Dietrich Mateschitz has spoken out for the first time on the latest row to engulf Red Bull Racing in F1 2010, insisting that any notions of favouritism within the team are unacceptable, that Mark Webber and Sebastian Vettel will continue to be encouraged to speak their minds and fight it out on-track and most importantly of all, that 'the pits must not interfere'.

The past week has all-round been a public relations disaster for Red Bull Racing, and therefore also for the energy drinks brand itself of which Mateschitz is in charge. The simple act of removing the developmental front wing off one car at Silverstone to place it onto the other ahead of qualifying has erupted into arguably the greatest media furore of the season to-date, with Webber very publicly contending that he had been consigned to the role of a 'number two driver' and Vettel responding that 'sometimes you get to know people better and see their true faces' in response to his team-mate's indignant outburst.
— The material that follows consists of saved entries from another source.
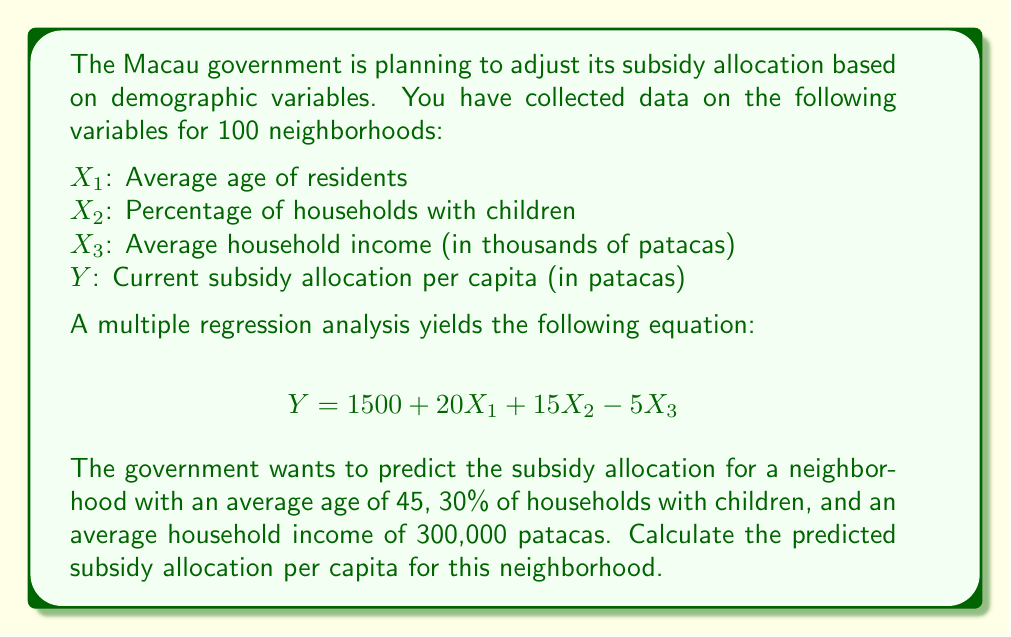Solve this math problem. To solve this problem, we need to use the given multiple regression equation and substitute the values for each independent variable. Let's break it down step-by-step:

1. The multiple regression equation is:
   $$Y = 1500 + 20X_1 + 15X_2 - 5X_3$$

2. We are given the following values:
   $X_1$ (Average age) = 45
   $X_2$ (Percentage of households with children) = 30
   $X_3$ (Average household income in thousands) = 300

3. Let's substitute these values into the equation:
   $$Y = 1500 + 20(45) + 15(30) - 5(300)$$

4. Now, let's calculate each term:
   - $20(45) = 900$
   - $15(30) = 450$
   - $5(300) = 1500$

5. Substituting these calculated values:
   $$Y = 1500 + 900 + 450 - 1500$$

6. Finally, let's sum up all the terms:
   $$Y = 1500 + 900 + 450 - 1500 = 1350$$

Therefore, the predicted subsidy allocation per capita for this neighborhood is 1350 patacas.
Answer: 1350 patacas 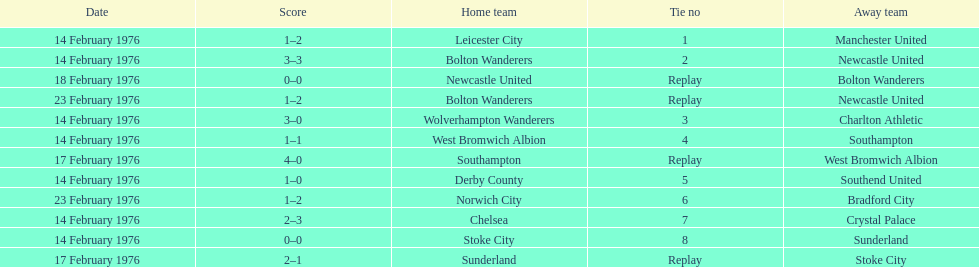How many games played by sunderland are listed here? 2. 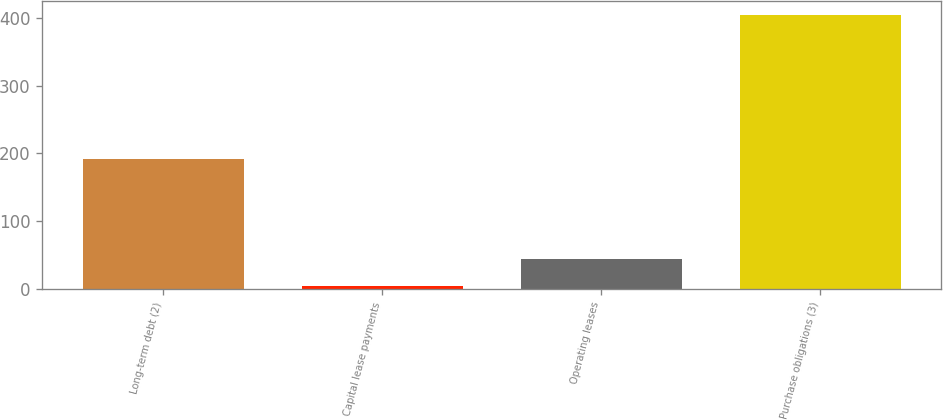<chart> <loc_0><loc_0><loc_500><loc_500><bar_chart><fcel>Long-term debt (2)<fcel>Capital lease payments<fcel>Operating leases<fcel>Purchase obligations (3)<nl><fcel>192<fcel>5<fcel>44.9<fcel>404<nl></chart> 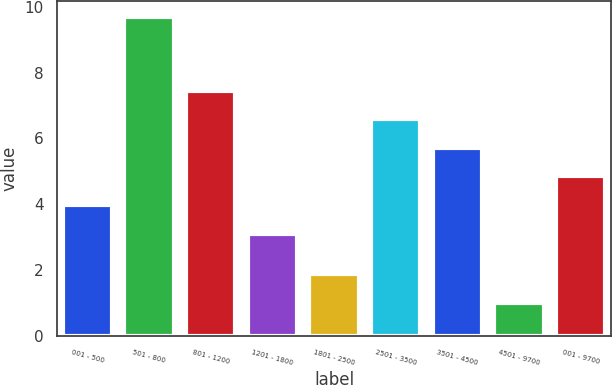<chart> <loc_0><loc_0><loc_500><loc_500><bar_chart><fcel>001 - 500<fcel>501 - 800<fcel>801 - 1200<fcel>1201 - 1800<fcel>1801 - 2500<fcel>2501 - 3500<fcel>3501 - 4500<fcel>4501 - 9700<fcel>001 - 9700<nl><fcel>3.97<fcel>9.7<fcel>7.45<fcel>3.1<fcel>1.87<fcel>6.58<fcel>5.71<fcel>1<fcel>4.84<nl></chart> 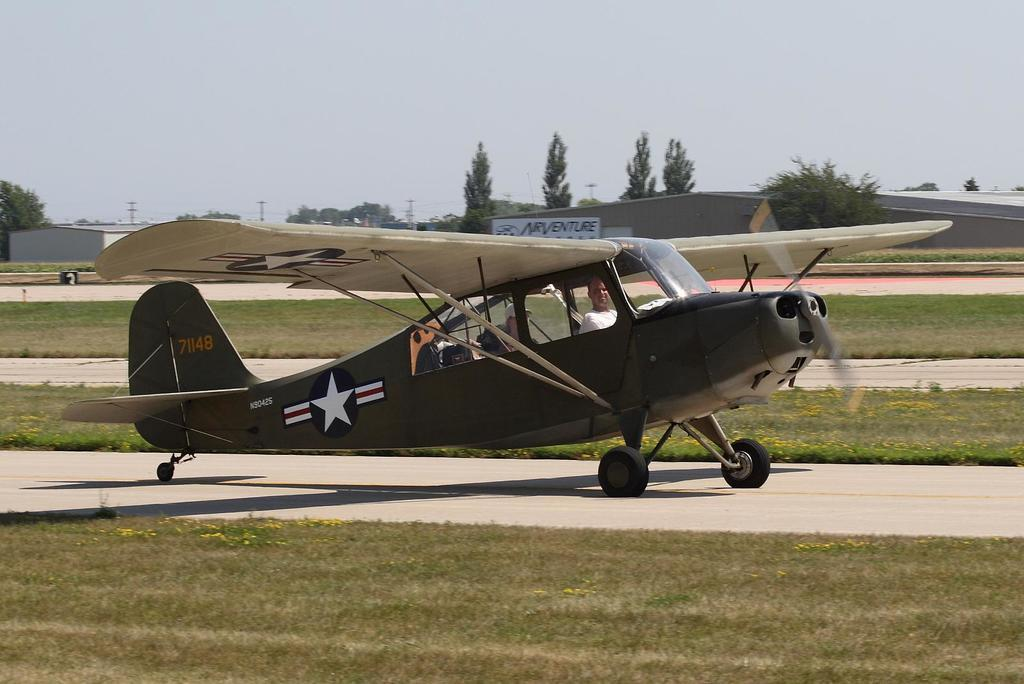What is the unusual object located on the road in the image? There is an aircraft on the road in the image. What type of vegetation can be seen in the image? There is green grass visible in the image. What can be seen in the background of the image? There are trees in the background of the image. What is visible in the sky in the image? Clouds are present in the sky in the image. What type of guitar is being played on the desk in the image? There is no guitar or desk present in the image. What type of fog can be seen in the image? There is no fog present in the image; it features an aircraft on the road, green grass, trees in the background, and clouds in the sky. 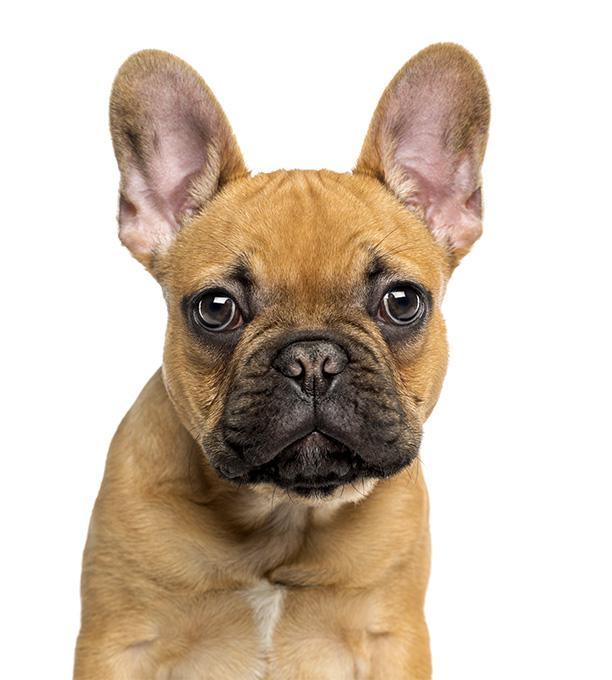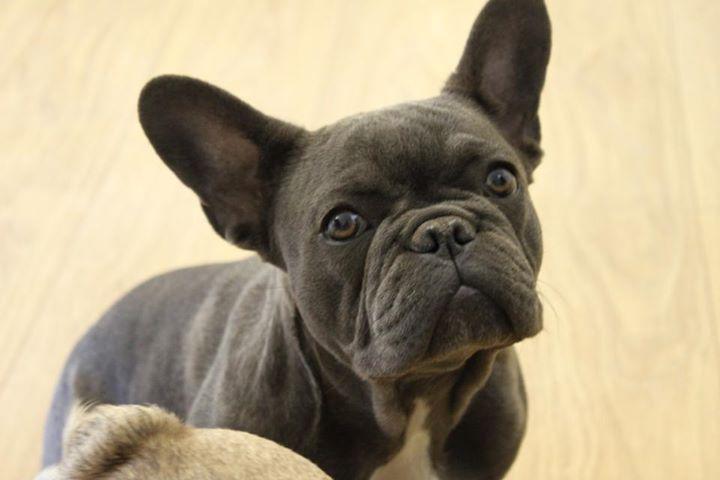The first image is the image on the left, the second image is the image on the right. For the images shown, is this caption "A dog is wearing a collar." true? Answer yes or no. No.

That the Australian and German are no longer the best of friends is indisputable, but nor, Webber has stressed, are they enemies, and subsequent 'clear-the-air' talks with team principal Christian Horner - whose decision it was to swap the wing over, based upon Vettel's superior championship position at the time - have eased tensions somewhat at Milton Keynes. Mateschitz is adamant that they must not be allowed to flare up again in such a manner.

"If you ask me today who will be champion, I say one of our two drivers," the Austrian billionaire told the Kleine Zeitung newspaper, "but the pits must not interfere, because then problems begin in earnest. We do not have a number one and a number two driver - this philosophy is not in-keeping with my understanding of racing. Both drivers have cars to exactly the same standard. The problem with the new wing at Silverstone was the first exception."

Conceding that it is 'not our style' to tie up Webber's and Vettel's tongues and restrict their freedom-of-speech to the standard PR drivel prevalent in F1 these days - reasoning that 'everyone can tell the truth, which is one of the highest virtues of Red Bull' - Mateschitz added that nor would the pair be prevented from duelling it out wheel-to-wheel on the circuit, despite the catastrophic consequences and loss of a likely one-two that ensued from just such an open approach in the Turkish Grand Prix in Istanbul two-and-a-half months ago.

"Our two drivers know that they have to beat the other and they still need each other to take away as many points as possible from the competition," underlined the 66-year-old. "You cannot just program a champion. We are talking about racing - the image of blood, sweat and tears is not by chance."